In the United States, nonprofits called organ procurement organizations, or OPOs, are responsible for finding and evaluating potential donors, interacting with grieving families and hospital administrations, and recovering and delivering organs — all while following the federal laws that serve as both their mandate and guardrails. Recent studies estimate that obstacles and inefficiencies lead to thousands of organs going uncollected every year, even as the demand for transplants continues to grow.
“There’s been little transparent data on organ procurement,” argues Adam. Working with MIT computer science professors Marzyeh Ghassemi and Ashia Wilson, and in collaboration with stakeholders in organ procurement, Adam led a project to create a dataset called ORCHID: Organ Retrieval and Collection of Health Information for Donation. ORCHID contains a decade of clinical, financial, and administrative data from six OPOs.
“Our goal is for the ORCHID database to have an impact in how organ procurement is understood, internally and externally,” says Ghassemi.
Efficiency and equity 
It was looking to make an impact that drew Adam to SES and MIT. With a background in applied math and experience in strategy consulting, solving problems with technical components sits right in his wheelhouse.
“I really missed challenging technical problems from a statistics and machine learning standpoint,” he says of his time in consulting. “So I went back and got a master’s in data science, and over the course of my master’s got involved in a bunch of academic research projects in a few different fields, including biology, management science, and public policy. What I enjoyed most were some of the more social science-focused projects that had immediate impact.”
As a grad student in SES, Adam’s research focuses on using statistical tools to uncover health-care inequities, and developing machine learning approaches to address them. “Part of my dissertation research focuses on building tools that can improve equity in clinical trials and other randomized experiments,” he explains.
One recent example of Adam’s work: developing a novel method to stop clinical trials early if the treatment has an unintended harmful effect for a minority group of participants. “I’ve also been thinking about ways to increase minority representation in clinical trials through improved patient recruitment,” he adds.
Racial inequities in health care extend into organ transplantation, where a majority of wait-listed patients are not white — far in excess of their demographic groups’ proportion to the overall population. There are fewer organ donations from many of these communities, due to various obstacles in need of better understanding if they are to be overcome. 

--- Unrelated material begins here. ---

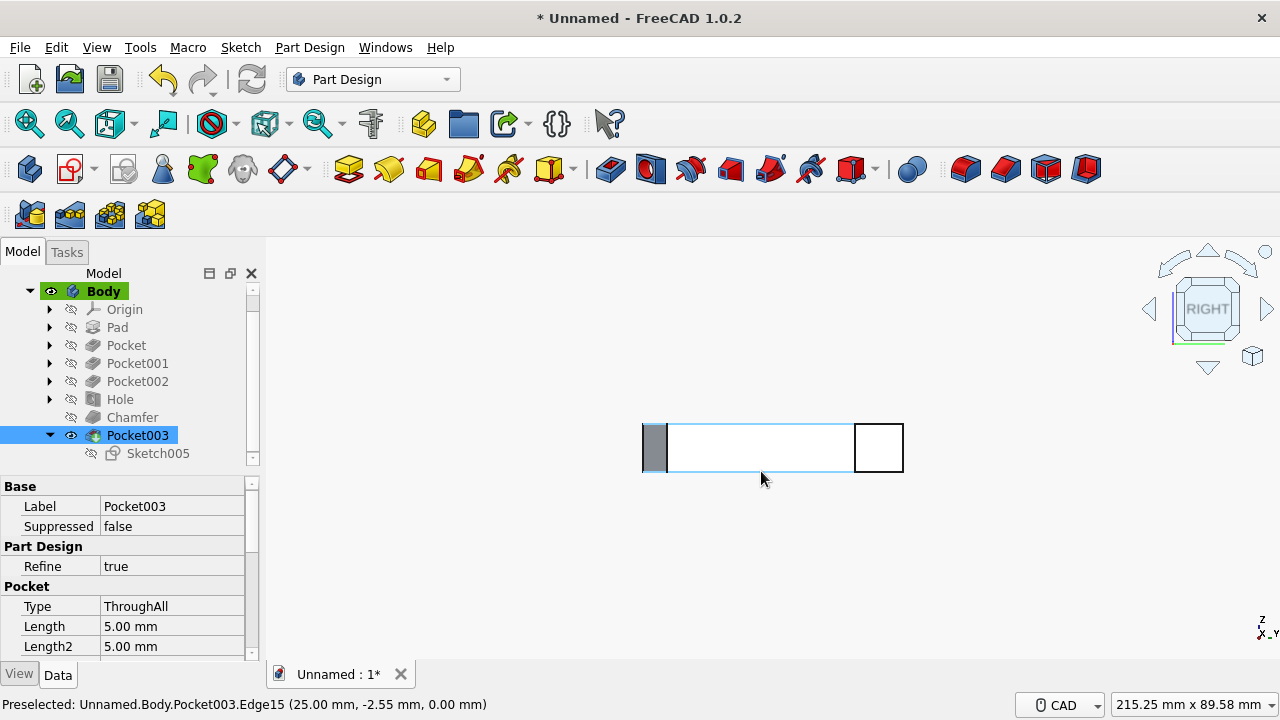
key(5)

“My work in organ transplantation began on the allocation side,” explains Adam. “In work under review, we examined the role of race in the acceptance of heart, liver, and lung transplant offers by physicians on behalf of their patients. We found that Black race of the patient was associated with significantly lower odds of organ offer acceptance — in other words, transplant doctors seemed more likely to turn down organs offered to Black patients. This trend may have multiple explanations, but it is nevertheless concerning.”
Adam’s research has also found that donor-candidate race match was associated with significantly higher odds of offer acceptance, an association that Adam says “highlights the importance of organ donation from racial minority communities, and has motivated our work on equitable organ procurement.”

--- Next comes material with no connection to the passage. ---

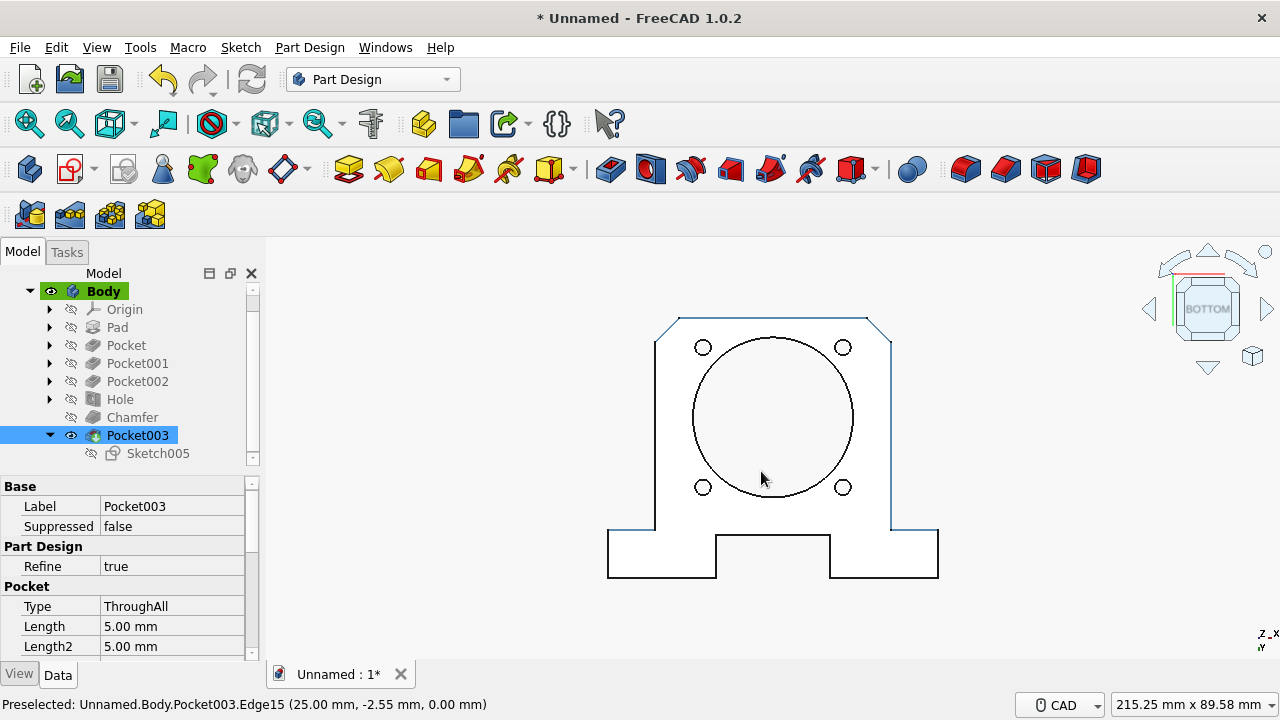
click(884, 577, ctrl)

Working with Ghassemi through the IDSS Initiative on Combatting Systemic Racism, Adam was introduced to OPO stakeholders looking to collaborate. “It’s this opportunity to impact not only health-care efficiency, but also health-care equity, that really got me interested in this research,” says Adam.
Play video
MIT Initiative on Combatting Systemic Racism – Healthcare Video: IDSS
Making an impact
Creating a database like ORCHID means solving problems in multiple domains, from the technical to the political. Some efforts never overcome the first step: getting data in the first place. Thankfully, several OPOs were already seeking collaborations and looking to improve their performance.
“We have been lucky to have a strong partnership with the OPOs, and we hope to work together to find important insights to improve efficiency and equity,” says Ghassemi.
The value of a database like ORCHID is in its potential for generating new insights, especially through quantitative analysis with statistics and computing tools like machine learning. The potential value in ORCHID was recognized with an MIT Prize for Open Data, an MIT Libraries award highlighting the importance and impact of research data that is openly shared.
“It’s nice that the work got some recognition,” says Adam of the prize. “And it was cool to see some of the other great open data work that’s happening at MIT. I think there’s real impact in releasing publicly available data in an important and understudied domain.”
All the same, Adam knows that building the database is only the first step.
“I’m very interested in understanding the bottlenecks in the organ procurement process,” he explains. “As part of my thesis research, I’m exploring this by modeling OPO decision-making using causal inference and structural econometrics.”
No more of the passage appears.